I also had the chance to discuss why the University has been reluctant in the past to fully recognize Indigenous Peoples’ Day on the academic calendar with Anna. According to her, she’s received feedback on NAHC’s efforts to change the name of the holiday along the lines of “it’s named Columbus Day because it’s a celebration of Italian heritage.” (To this, Anna jokingly responded that there are better men in Italian history to celebrate). She also went on to state that “When Indigenous Peoples’ Day was first put on the calendar, it was done quietly, there was no fanfare. After the HUDS strike, one of their conditions for returning to work was the recognition of Indigenous Peoples’ Day. We got this quiet, half-hearted recognition, while it still calls the day ‘Columbus Day’ because it’s a federal holiday.”
Currently, the 2019-2020 Academic Calendar for Harvard College lists Monday, October 14th, Monday as: University holiday: Columbus Day (Federal), Indigenous Peoples’ Day (City of Cambridge).
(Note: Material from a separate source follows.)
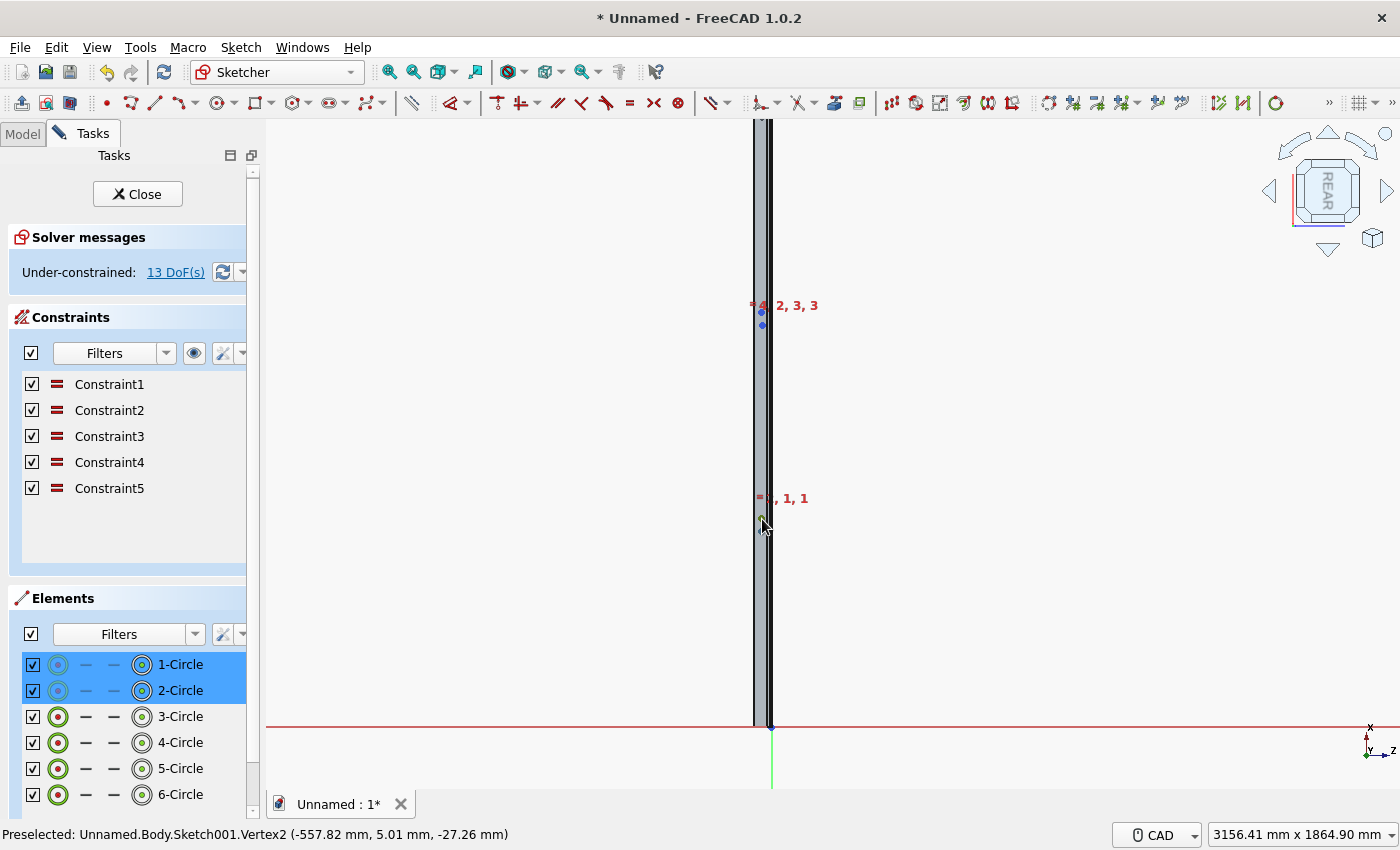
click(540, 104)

There are those who think that this isn’t a big deal, or that the name of this holiday doesn’t matter. It’s a bank holiday, kids get a day off from school. I disagree with this sentiment for a lot of reasons. My younger sisters are 10 and 11 years old. When they learned about Columbus Day in elementary school, it was my mother and I who told them why we don’t like that day, and why Christopher Columbus was not someone we’d ever celebrate. As 2nd and 3rd generation Puerto Ricans in the United States, our heritage is tied into the decimation of the native Taino population on the island by the disease, enslavement, and genocide brought to them when Columbus landed in the Caribbean.
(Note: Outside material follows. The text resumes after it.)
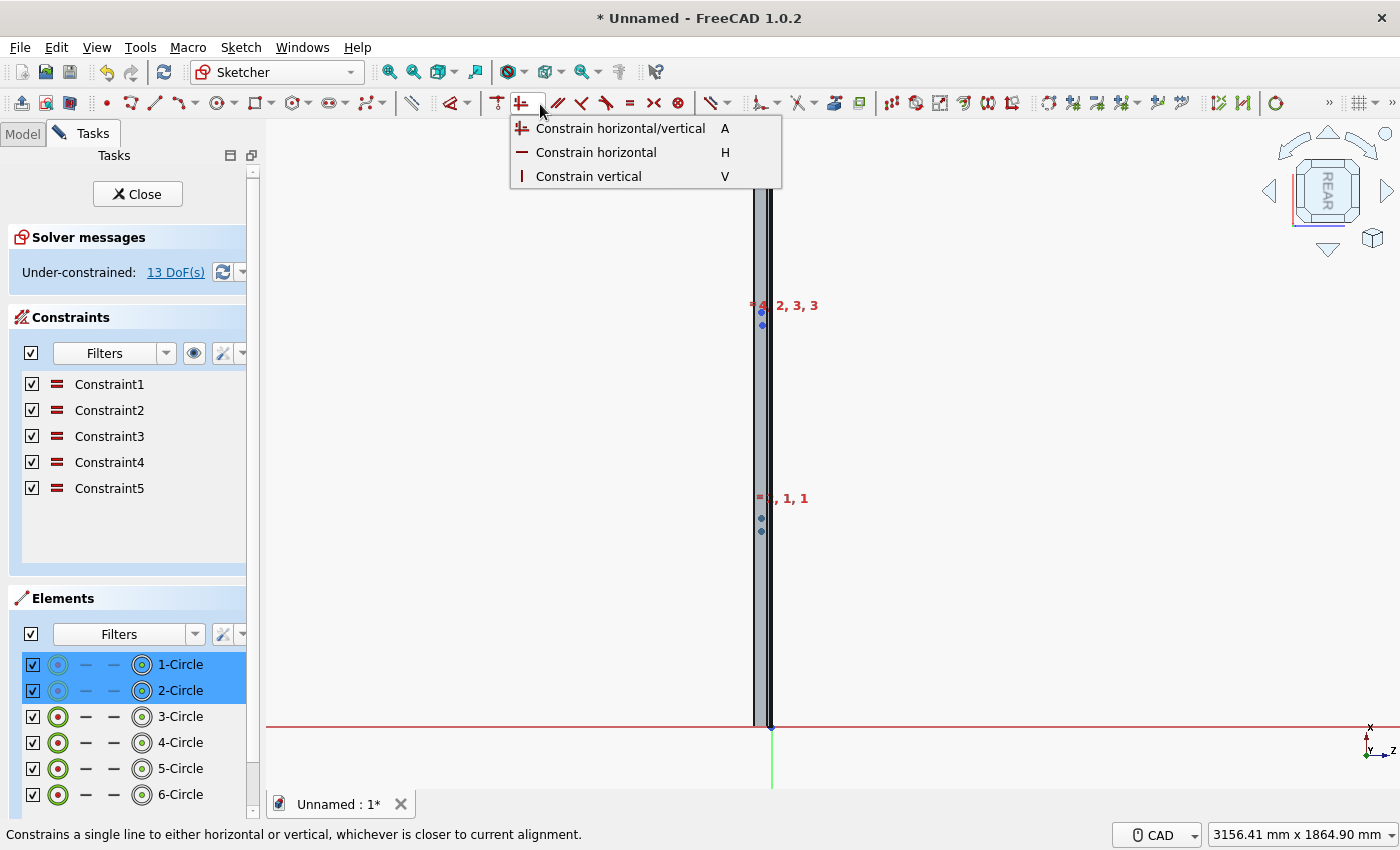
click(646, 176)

It is for this reason that I place a lot of importance on names at Harvard. History does not go away when we call it by a different name. The atrocities committed by Columbus himself and the people who conquered the New World after him do not go away when we take a bank holiday and put his name on it “in celebration” of events that would one day lead to the United States.
On the importance of names at Harvard, and why it’s so important that we change the name of the holiday from Columbus Day to Indigenous Peoples’ Day, Anna ‘21 left me with this thought: “Stoughton, who Stoughton Hall is named after, was one of the main antagonists of the Salem Witch trials, he ensured that several innocent people hung. We have Lowell House named after president Lowell, we have Houses named after slave owners. So many names in Harvard history have so much wrongdoing attached to them. There’s been a push for Lowell House to be renamed for a while, and nothing has been done. People outside of Harvard aren’t going to care about Lowell House or Stoughton Hall, but people outside of Harvard are going to care about Indigenous Peoples’ Day and Columbus Day. There’s so many wrongs that the University isn’t going to be able to right, but this [changing the calendar] is a small step that would be a huge victory for us.”
I can only hope that this is a victory that NAHC and other Indigenous groups on and off campus get to celebrate, and soon.